Agar tidak rusak, vaksin yang berasal dari Pasteur Instituut Bandung itu sebelum digunakan disimpan dalam alat pendingin di Eijkman Instituut. Malang tak dapat ditolak mujur tak dapat diraih, seminggu setelah disuntik vaksin, ratusan romusha meninggal dunia. Dokter Indonesia di Ika Daigaku Byoing yang meneliti menyimpulkan kematian tersebut akibat bakteri tetanus yang mencemari vaksin. Ironisnya, justru mereka yang kemudian diseret Jepang. Begitu pun para dokter dari Eijkman Instituut, termasuk kepalanya, Prof. dr. Achmad Mochtar. Bahkan para analis dan petugas laboratoriumnya pun ikut ditangkap.

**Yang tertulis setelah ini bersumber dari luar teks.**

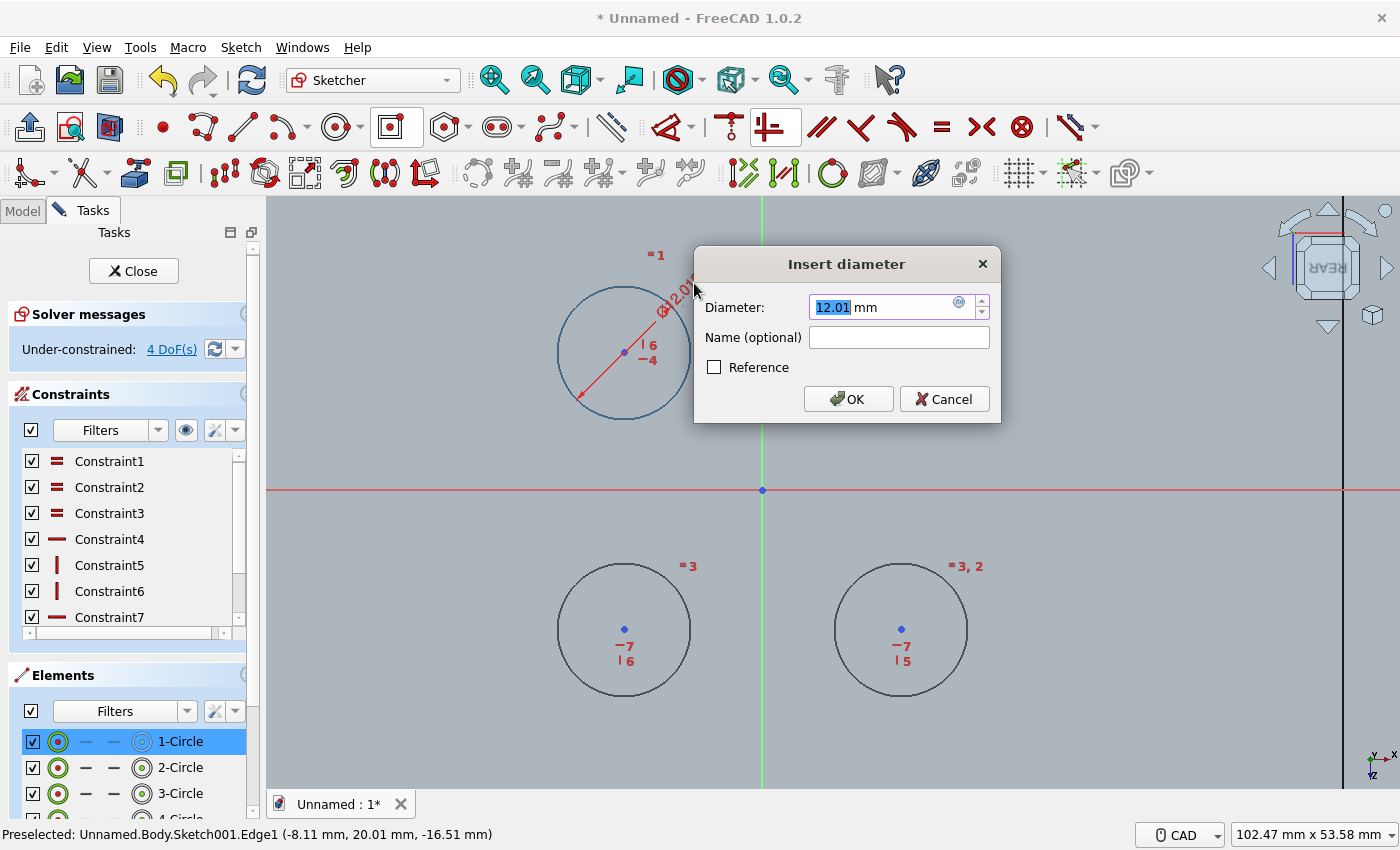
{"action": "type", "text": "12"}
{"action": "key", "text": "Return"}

Mereka ditahan di markas kempetai (polisi militer Jepang) di bekas gedung Rechts Hogeschool (Sekolah Tinggi Hukum), di Jalan Merdeka Barat (sekarang Hankam). Berbulan-bulan disekap, diinterogasi, dan disiksa. Dua diantaranya – yang pada saat vaksinasi bertugas menyuntik – meninggal dalam tahanan, yaitu dr. Soelaiman Siregar dan dr. Marah Arief.

Menurut sumber sejarah berupa kesaksian salah seorang teman mereka sesama dokter pada masa itu, digambarkan akibat kekejaman Jepang terhadap mereka bahwa tubuh Soelaiman seluruhnya bengkak. Mukanya menggelembung seperti balon. Kedua kakinya luka parah. Dari pinggang sampai telapak kaki penuh bekas sayatan pisau, dan dikerubuti lalat. Tubuhnya seperti macan tutul, saking banyaknya bekas sundutan rokok. Sementara Arief juga menderita hal yang hampir sama. Kedua kakinya remuk. Sekalipun ada teman mereka yang sudah berupaya menyelamatkannya dengan menyelundupkan obat trisulfa, nyawa Soelaiman dan Arief tetap tak tertolong.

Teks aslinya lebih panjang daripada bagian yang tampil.